Even mention government or central bank intervention in financial markets to many professionals and you elicit a tirade on such futility against forces beyond control.
And yet again, 2022 proved that’s far from the truth.
Times are of course extraordinary. The messy, inflationary global economic reboot from a once-in-a-century pandemic was compounded this year by war in Ukraine, an energy shock and swingeing sanctions. Multiple subsidies and attempted price caps of one sort or another have followed.
Wartime historically almost always sees priorities shift. And free functioning markets tend to come low down on that list when faced with overarching security imperatives involving blood and treasure – especially if the former frustrates the latter.
While the pandemic 2020/21 and geopolitical standoffs of 2022 were thankfully not ‘hot wars’ for most Western powers, their economies were for all intents and purposes on a war footing.
Against that, this year was marked by three very different examples of direct financial market intervention that appear to have succeeded in their narrow and targetted goals at least – despite many doubts whether they would or even could work.
Crude oil, Japan’s yen and British gilts all had extremely turbulent years – even beyond the standards of a dire 2022 for most all world markets – and required direct action to calm the horses.
Please release me
Although the latest release of the U.S. strategic petroleum reserve (SPR) to cool oil prices started late last year, it extended to the biggest direct SPR intervention in history after the February invasion of Ukraine.
As the SPR release now nears the end of its projected sales, the near 40% drop in world crude prices from post-invasion peaks in March to levels seen a year ago may reasonably be seen as some cause for relief if not celebration.
Early post-invasion forecasts of crude prices anywhere between $150 and $200 per barrel have certainly proved well wide of the mark so far – even after oil exporting nations cut production again. And it was at least in some part due to the SPR intervention, even if that was aided by central bank tightening and slowing world demand.
Yen for action
A dramatic offshoot of this energy shock were the shifting inflation sands, differing central bank responses and wild currency swings against a soaring dollar this year.
With the Federal Reserve tightening credit hard, the Bank of Japan’s determination not to follow as well as Japan’s ballooning oil-driven trade deficit saw the yen lose almost a quarter of its value at one point – forcing the dollar/yen exchange rate up more than 30% to 32-year highs near 150.
But after weeks of verbal warnings of excessive moves that just risked exaggerating Japan’s more muted inflation pulse, the Bank of Japan stepped in for the first time this century in September and October with several rounds of intervention to buy yen for tens of billions of dollars.
Somewhat predictably, the initial response was that the BoJ would fail – not least with daily global currency market trading exceeding $7.5 trillion for the first time this year.
And yet – by accident, design, good timing or even sheer persistence – the BOJ’s actions put down a marker and calmed the move.
Dollar/yen is now some 7% below last month’s peaks and its harrying dollar sales appear now to have at least coincided with a top in the whole dollar surge this year.
With the dollar widely viewed as overvalued, the open-ended BOJ move showed it had both the firepower and the stamina to see off frothy speculation at least – not unlike a similarly successful exercise by the European Central Bank to buoy the new euro back in 2000.
Gilt trip
The third celebrated intervention of the year followed a more self-inflicted bout of volatility in Britain’s government bond market after September’s disastrously botched budget.
After a blinding spike in long-term government bond yields that almost blew up the country’s pension market and risked a resulting spiral, the Bank of England was forced to intervene to buy so-called gilts for two weeks straight – with some considerable doubts about what would happen after.
Helped by a U-turn in government budget policy since, the BoE not only held the line, it dragged borrowing rates back down and squeezed excessive risk premia out of the market – so much so it was able to resume active sales of gilts from its balance sheet this month.

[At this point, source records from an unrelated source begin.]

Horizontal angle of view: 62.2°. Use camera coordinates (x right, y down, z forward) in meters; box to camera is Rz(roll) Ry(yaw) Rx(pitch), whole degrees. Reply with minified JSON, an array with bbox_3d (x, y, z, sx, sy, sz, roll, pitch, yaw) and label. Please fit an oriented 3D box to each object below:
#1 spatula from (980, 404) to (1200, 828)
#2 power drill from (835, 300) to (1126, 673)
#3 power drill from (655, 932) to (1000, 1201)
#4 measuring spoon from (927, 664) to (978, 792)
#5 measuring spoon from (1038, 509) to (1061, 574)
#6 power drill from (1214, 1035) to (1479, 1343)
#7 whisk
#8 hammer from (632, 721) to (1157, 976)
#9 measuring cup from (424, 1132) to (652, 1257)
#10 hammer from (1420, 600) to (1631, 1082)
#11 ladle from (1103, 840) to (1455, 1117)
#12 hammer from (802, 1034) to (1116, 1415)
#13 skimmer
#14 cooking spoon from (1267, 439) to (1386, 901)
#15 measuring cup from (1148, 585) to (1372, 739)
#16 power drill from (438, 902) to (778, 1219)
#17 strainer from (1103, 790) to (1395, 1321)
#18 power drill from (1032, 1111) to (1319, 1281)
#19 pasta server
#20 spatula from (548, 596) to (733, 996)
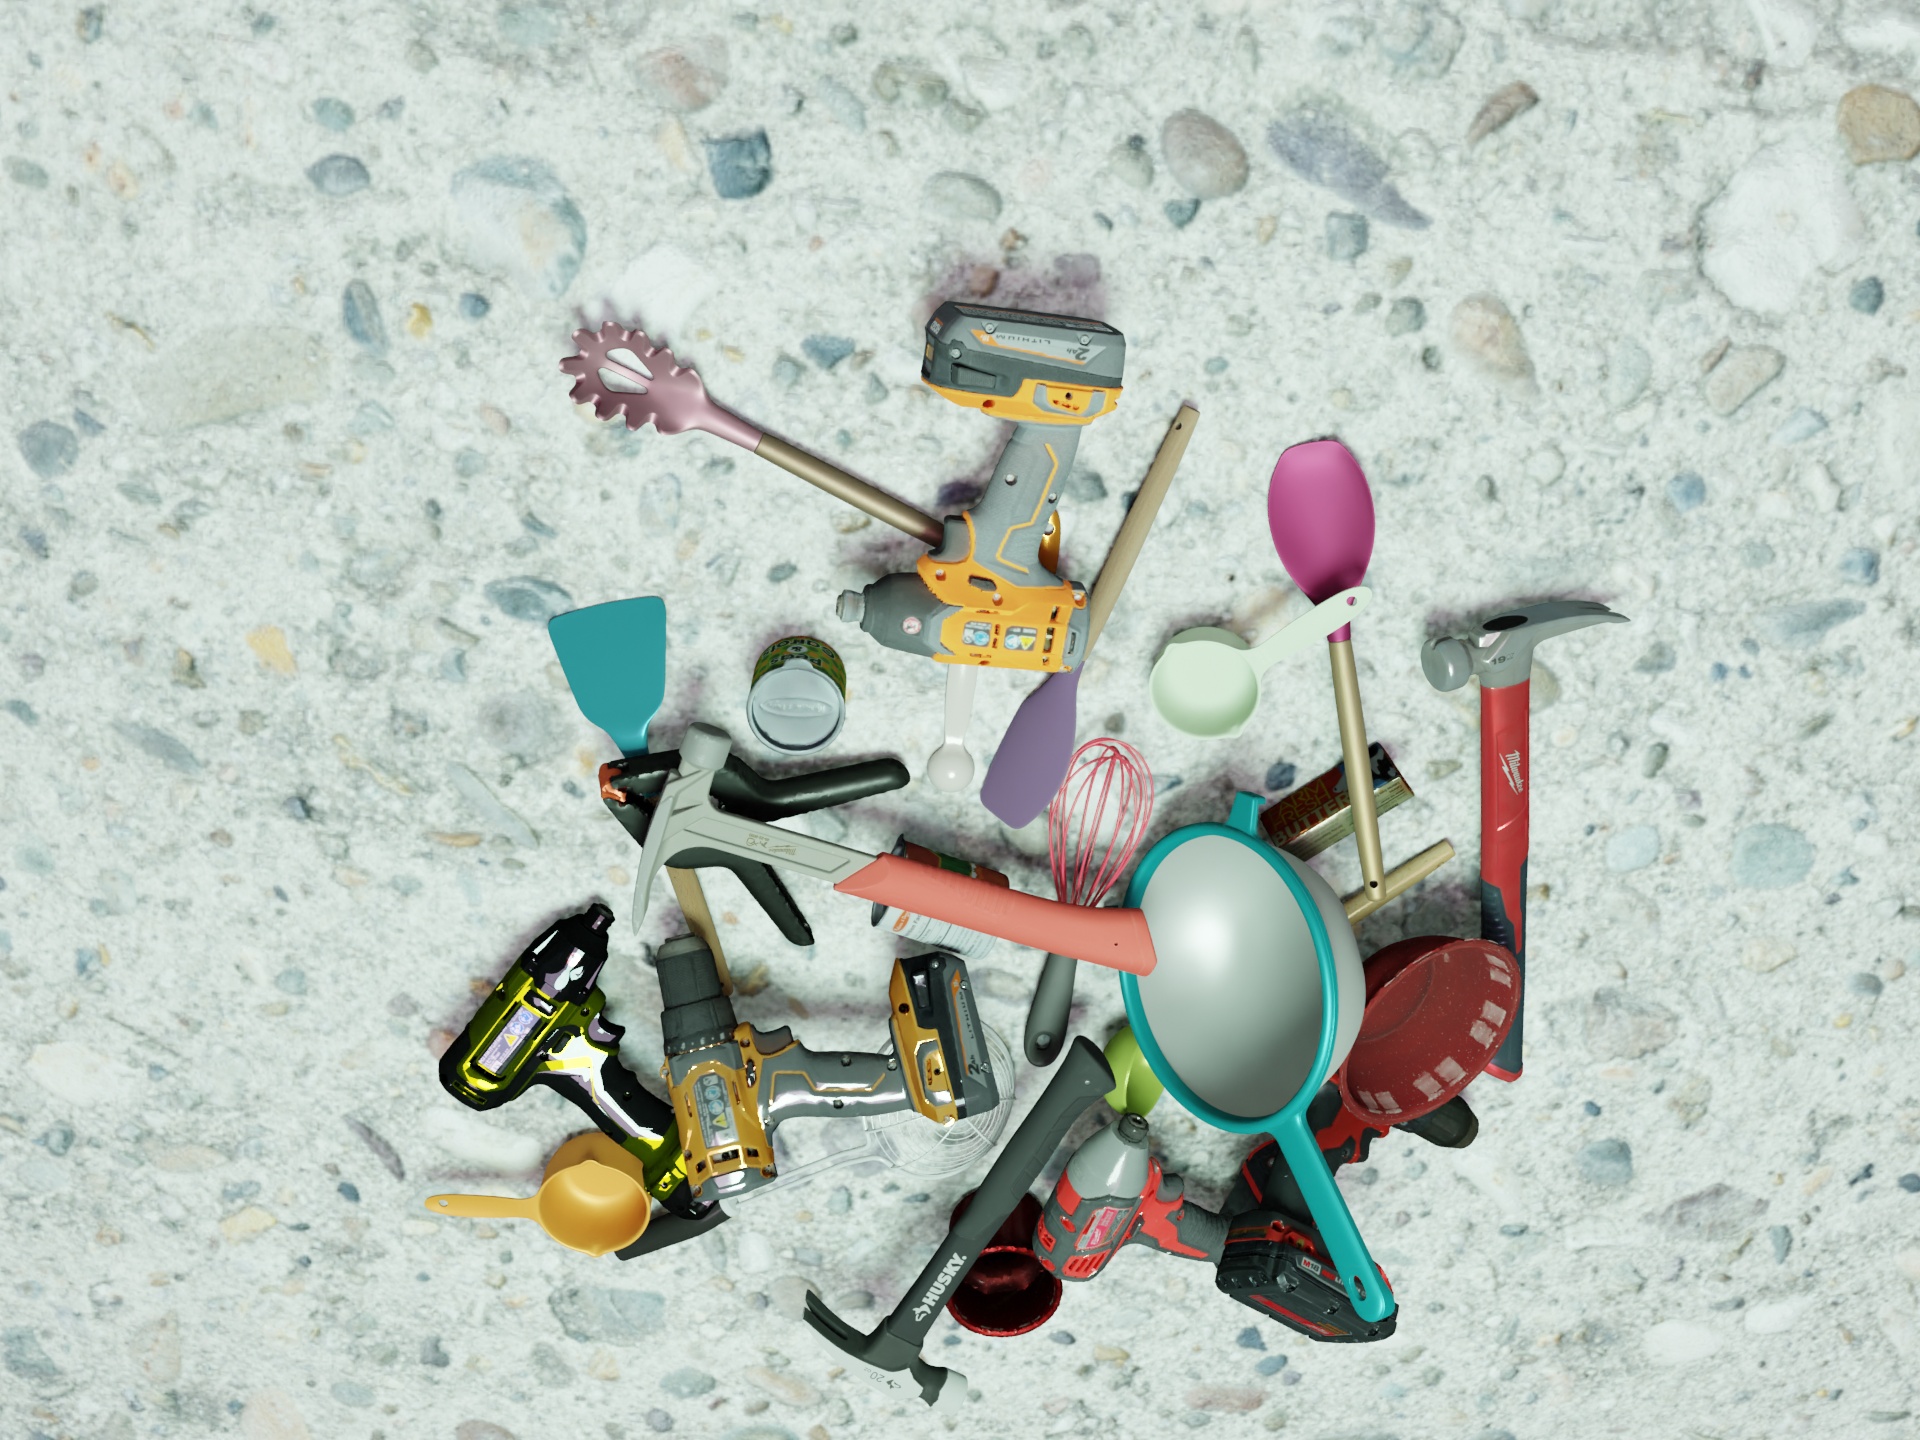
[{"bbox_3d":[0.091,-0.065,1.082,0.018,0.060,0.316,-1,120,-52],"label":"spatula"},{"bbox_3d":[0.012,-0.142,1.005,0.164,0.084,0.226,4,112,-12],"label":"power drill"},{"bbox_3d":[-0.102,0.224,1.132,0.226,0.084,0.185,-14,81,-6],"label":"power drill"},{"bbox_3d":[-0.002,-0.004,1.113,0.034,0.018,0.124,5,113,-4],"label":"measuring spoon"},{"bbox_3d":[0.053,-0.088,1.081,0.021,0.011,0.116,5,114,-5],"label":"measuring spoon"},{"bbox_3d":[0.295,0.341,1.186,0.187,0.227,0.080,31,148,-15],"label":"power drill"},{"bbox_3d":[0.084,0.141,1.162,0.073,0.073,0.295,7,120,-6],"label":"whisk"},{"bbox_3d":[-0.037,0.121,1.086,0.359,0.037,0.149,18,103,-11],"label":"hammer"},{"bbox_3d":[-0.326,0.365,1.246,0.173,0.052,0.095,2,114,-1],"label":"measuring cup"},{"bbox_3d":[0.411,0.099,1.161,0.143,0.038,0.386,-15,117,-11],"label":"hammer"},{"bbox_3d":[0.238,0.193,1.192,0.320,0.062,0.078,-35,146,9],"label":"ladle"},{"bbox_3d":[0.011,0.369,1.185,0.146,0.035,0.334,29,107,-9],"label":"hammer"},{"bbox_3d":[-0.125,0.343,1.256,0.363,0.090,0.127,-27,107,20],"label":"skimmer"},{"bbox_3d":[0.260,-0.030,1.078,0.069,0.017,0.319,-8,100,14],"label":"cooking spoon"},{"bbox_3d":[0.204,-0.050,1.074,0.167,0.038,0.083,-33,106,25],"label":"measuring cup"},{"bbox_3d":[-0.246,0.253,1.181,0.223,0.080,0.171,37,94,-14],"label":"power drill"},{"bbox_3d":[0.232,0.226,1.078,0.095,0.341,0.211,-5,150,-35],"label":"strainer"},{"bbox_3d":[0.175,0.370,1.227,0.219,0.079,0.143,13,114,-23],"label":"power drill"},{"bbox_3d":[-0.106,-0.166,1.027,0.316,0.040,0.060,26,102,-14],"label":"pasta server"},{"bbox_3d":[-0.209,0.067,1.135,0.082,0.044,0.317,-12,119,2],"label":"spatula"}]

All three examples of market intervention had their own dynamics and drivers. Even though all were publicly aimed at reducing market excess and speculation – they all needed to affect prices, even if not a specific one.
Free markets are fine, but only up to a point.
For sceptics of such action, long-term fundamentals will still win out. Intervention can only serve as a temporary smoothing if price making is erratic – underlying policy settings would be needed to change direction.
But if you believe that extraordinary circumstances warrant extraordinary action – even if only to buy time during a fraught period of little visibility – then market intervention can work a treat and traders dismiss it at their peril.
The opinions expressed here are those of the author, a columnist for Reuters.